In [0]:
from pyspark.sql import SparkSession

spark = SparkSession.builder.appName('SparkByExamples.com').getOrCreate()

data = [('James','Smith','M',3000),('Anna','Rose','F',4100),
  ('Robert','Williams','NA',6200),(None,'Rob','F',6200)
  
]

columns = ["firstname","lastname","gender","salary"]
df = spark.createDataFrame(data=data, schema = columns)
df.show()

df2=df.withColumn("salary", df.salary*3)
df2.show()

from pyspark.sql.functions import when
df3 = df.withColumn("gender", when(df.gender == "M","Male") \
      .when(df.gender == "F","Female") \
      .otherwise(df.gender))
df3.show()

df4=df.withColumn("salary",df.salary.cast("String"))
df4.printSchema()

df.createOrReplaceTempView("PER")
df5=spark.sql("select firstname,gender,salary*3 as salary from PER")
df5.show()

+---------+--------+------+------+
|firstname|lastname|gender|salary|
+---------+--------+------+------+
|    James|   Smith|     M|  3000|
|     Anna|    Rose|     F|  4100|
|   Robert|Williams|    NA|  6200|
|     null|     Rob|     F|  6200|
+---------+--------+------+------+

+---------+--------+------+------+
|firstname|lastname|gender|salary|
+---------+--------+------+------+
|    James|   Smith|     M|  9000|
|     Anna|    Rose|     F| 12300|
|   Robert|Williams|    NA| 18600|
|     null|     Rob|     F| 18600|
+---------+--------+------+------+

+---------+--------+------+------+
|firstname|lastname|gender|salary|
+---------+--------+------+------+
|    James|   Smith|  Male|  3000|
|     Anna|    Rose|Female|  4100|
|   Robert|Williams|    NA|  6200|
|     null|     Rob|Female|  6200|
+---------+--------+------+------+

root
 |-- firstname: string (nullable = true)
 |-- lastname: string (nullable = true)
 |-- gender: string (nullable = true)
 |-- salary: string (nullable = t

In [0]:
#The code imports the necessary modules, including SparkSession from pyspark.sql.

#A SparkSession is created with the application name set to 'SparkByExamples.com'.

#The data list contains tuples representing input data for the DataFrame.

#The columns list defines the column names for the DataFrame.

#The DataFrame df is created using spark.createDataFrame() by passing the input data and schema.

#The contents of df are displayed using show().

#The DataFrame df2 is created by multiplying the "salary" column in df by 3 using withColumn(). The resulting DataFrame is displayed using show().

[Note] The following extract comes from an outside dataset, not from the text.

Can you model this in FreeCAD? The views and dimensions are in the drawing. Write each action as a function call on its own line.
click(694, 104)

#The when() function from pyspark.sql.functions is used to conditionally update the "gender" column in df. If "M" is encountered, it is replaced with "Male", if "F" is encountered, it is replaced with "Female", and for other values, the original value is retained. The resulting DataFrame is assigned to df3 and displayed using show().

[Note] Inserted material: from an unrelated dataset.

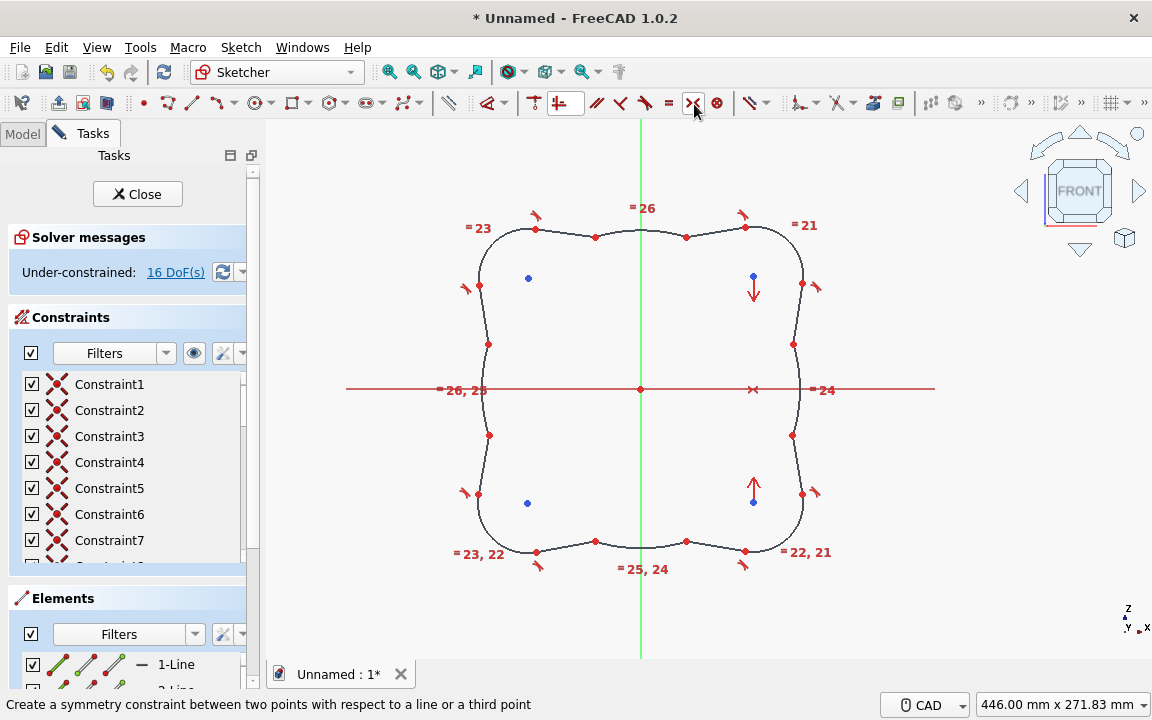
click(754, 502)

#The DataFrame df4 is created by changing the data type of the "salary" column in df to String using withColumn() and cast(). The schema of df4 is printed using printSchema().

#The DataFrame df is registered as a temporary view named "PER" using createOrReplaceTempView().

#A SQL query is executed using spark.sql() to select the "firstname", "gender", and calculated "salary" (salary multiplied by 3) from the "PER" view. The result is assigned to df5 and displayed using show().